### WHAT YOU HAVE TO DO:
Set down, exactly and with nothing added, the lines running from the one that holds "#4 person at [123, 683, 167, 790]" to the final line of the records. Pictures stay out of the copy.

BEGIN RECORD SET

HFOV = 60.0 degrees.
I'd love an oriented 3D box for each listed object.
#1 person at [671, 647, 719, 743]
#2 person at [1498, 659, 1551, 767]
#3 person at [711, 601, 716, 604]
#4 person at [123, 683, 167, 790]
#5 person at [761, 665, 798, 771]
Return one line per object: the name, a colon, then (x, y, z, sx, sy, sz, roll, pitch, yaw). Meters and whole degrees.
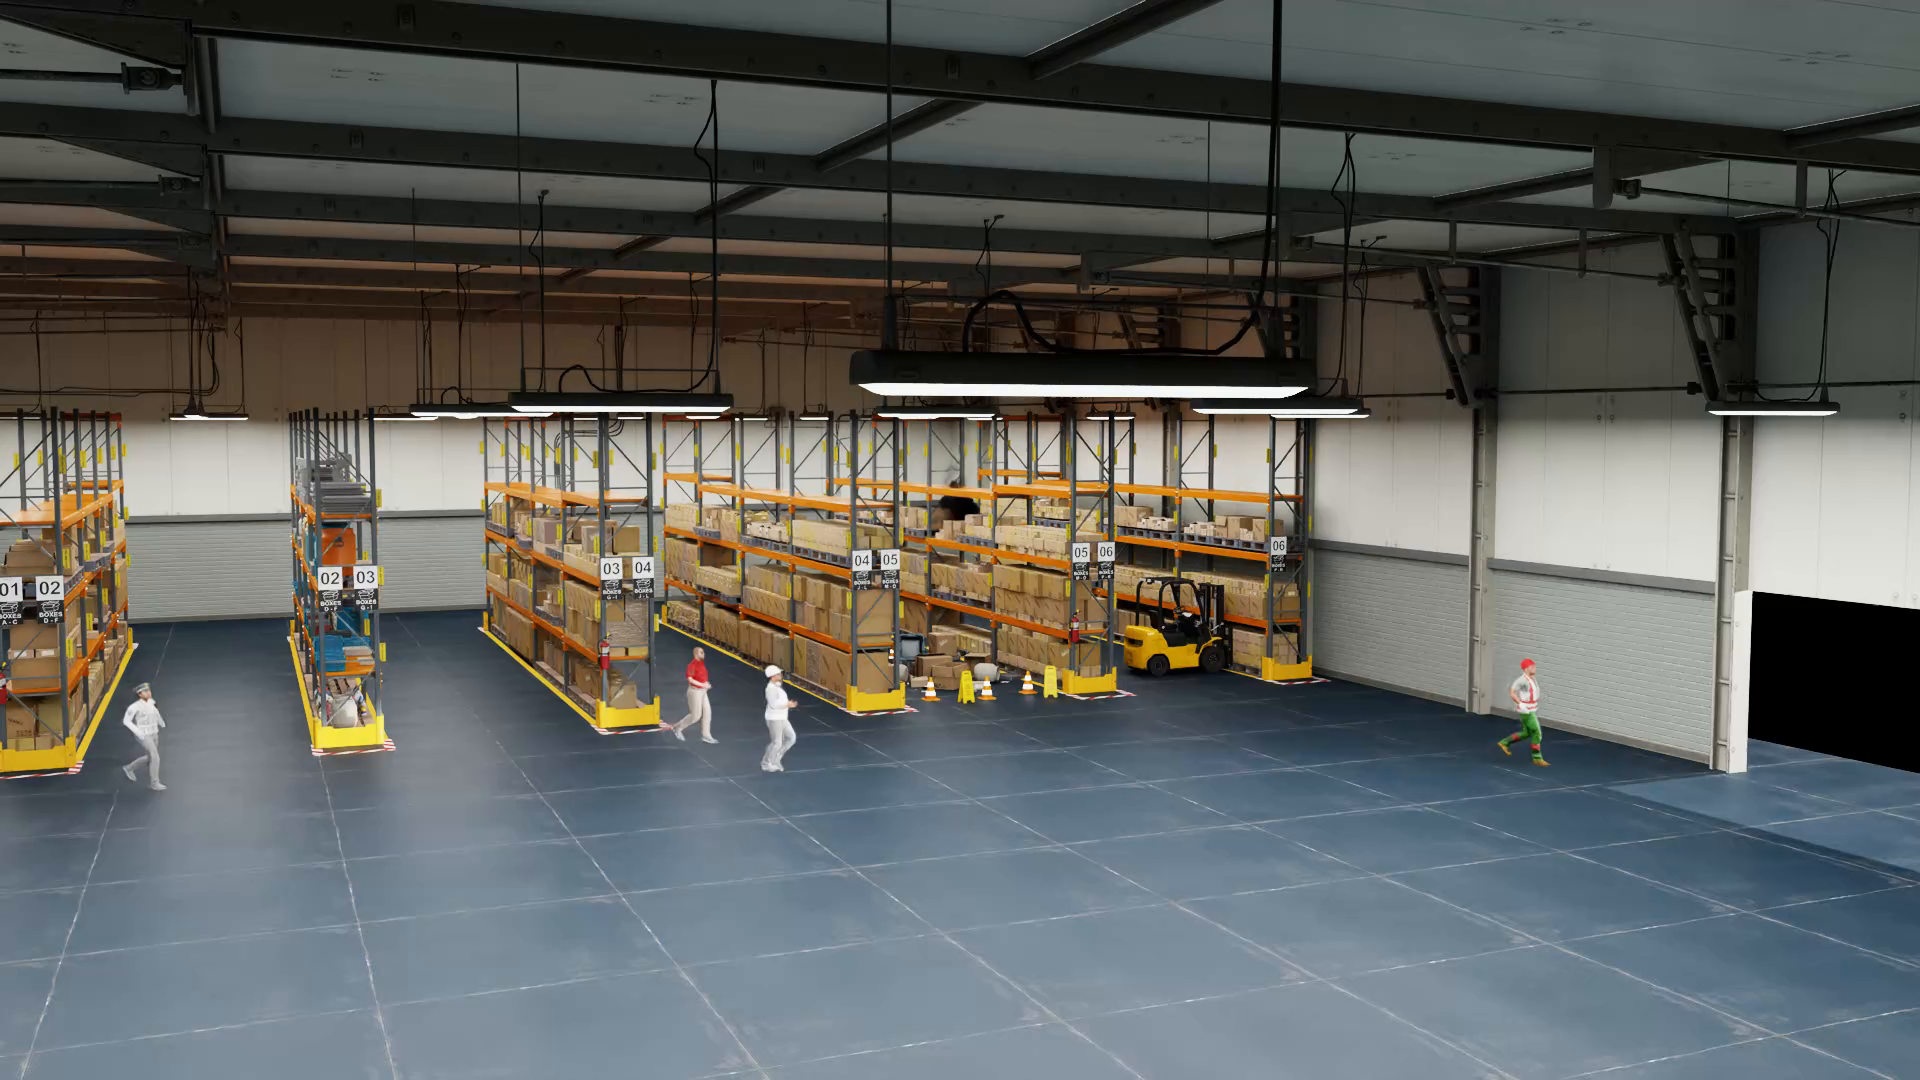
person: (-4.745, 2.784, 29.830, 0.838, 1.745, 0.688, 1, 4, 10)
person: (9.503, 2.879, 27.947, 0.881, 1.788, 0.643, 3, 5, 33)
person: (-7.231, 1.348, 49.737, 0.827, 1.772, 0.694, -2, 4, -25)
person: (-12.796, 3.066, 26.083, 0.757, 1.696, 0.611, 1, 4, 14)
person: (-2.955, 2.936, 27.283, 0.647, 1.767, 0.642, 0, 4, 6)

END RECORD SET

### EXERCISE RESULT:
#4 person at [123, 683, 167, 790]
#5 person at [761, 665, 798, 771]
Return one line per object: the name, a colon, then (x, y, z, sx, sy, sz, roll, pitch, yaw). Meters and whole degrees.
person: (-4.745, 2.784, 29.830, 0.838, 1.745, 0.688, 1, 4, 10)
person: (9.503, 2.879, 27.947, 0.881, 1.788, 0.643, 3, 5, 33)
person: (-7.231, 1.348, 49.737, 0.827, 1.772, 0.694, -2, 4, -25)
person: (-12.796, 3.066, 26.083, 0.757, 1.696, 0.611, 1, 4, 14)
person: (-2.955, 2.936, 27.283, 0.647, 1.767, 0.642, 0, 4, 6)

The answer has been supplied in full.